Suppression of Tumor Cell Invasiveness and In Vivo Tumor Growth by MicroRNA-874 in Non-Small Cell Lung Cancer
journal contributionposted on 03.01.2014 by Divya Kesanakurti, Dilip Rajasekhar Maddirela, Subramanyam Chittivelu, Jasti S. Rao, Chandramu Chetty
Any type of content formally published in an academic journal, usually following a peer-review process.

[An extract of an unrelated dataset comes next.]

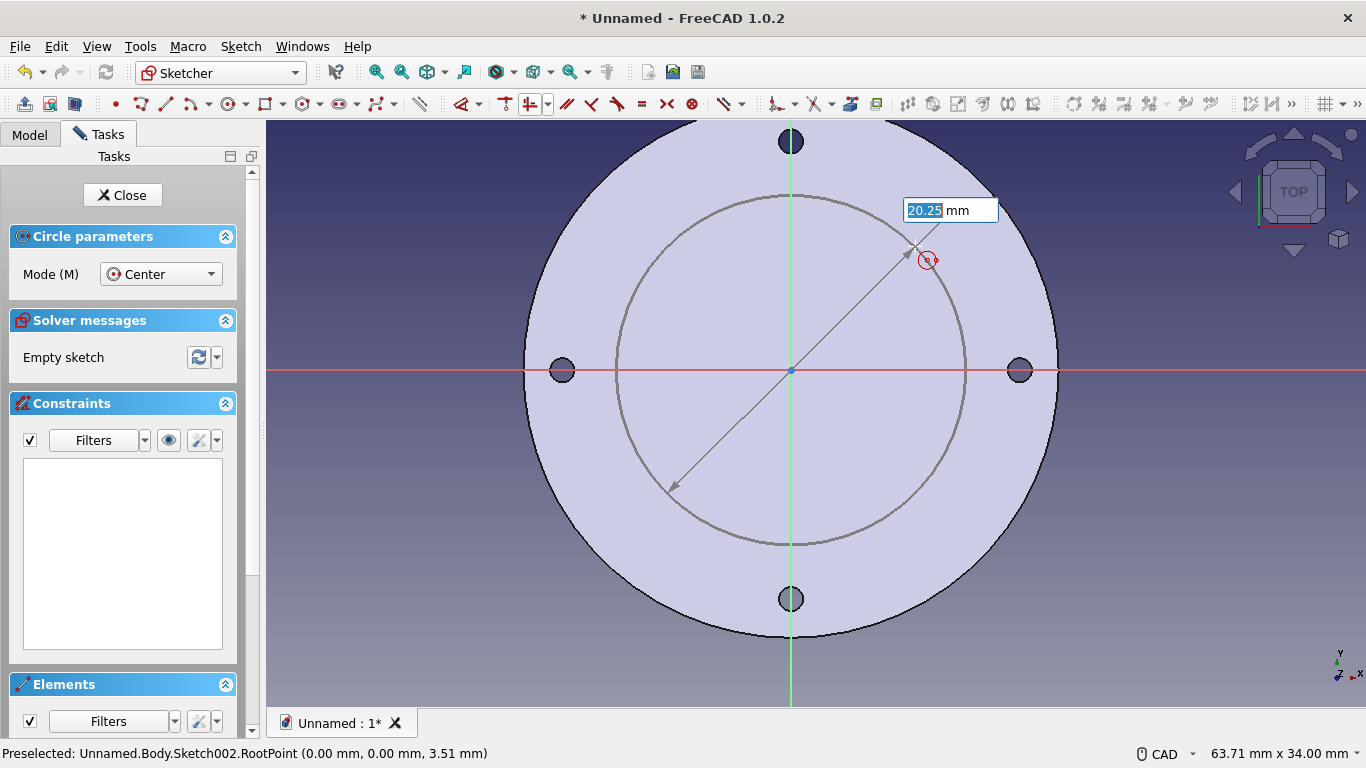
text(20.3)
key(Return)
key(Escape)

MicroRNAs are a novel family of small non-coding RNAs that regulate the expression of several genes involved in normal development as well as human disorders including cancer. Here we show that miR-874 plays a tumor suppressor role in non-small cell lung cancer (NSCLC) in vitro and in vivo. In silico target prediction analysis revealed numerous genes associated with tumor progression including MMP-2 and uPA as the putative target genes of miR-874. Our preliminary in situ hybridization experiments demonstrated the diminution of miR-874 expression in lung cancer tissues compared to their normal counter parts. Overexpression of miR-874 in CD133-positive cancer stem cell (CSC) population led to a significant loss in CSC-phenotype and enhanced sphere de-differentiation into epithelial-like cells. Restoration of miR-874 expression drastically reduced cell invading ability in comparison to mock and control-miR-treated cells by suppressing the protein levels of MMP-2 and uPA. In in vivo experiments, miR-874 treatment decreased orthotopic tumor growth in nude mice compared to mock and control-miR treatments. Further, the immunoreactivity of human anti-MMP-2 and anti-uPA was significantly reduced in tumor sections from mice that received miR-874 treatment. In conclusion, our study highlights the possible tumor suppressor role of miR-874 in NSCLC-initiating cells and suggests miR-874 as a potential target in the treatment of NSCLC.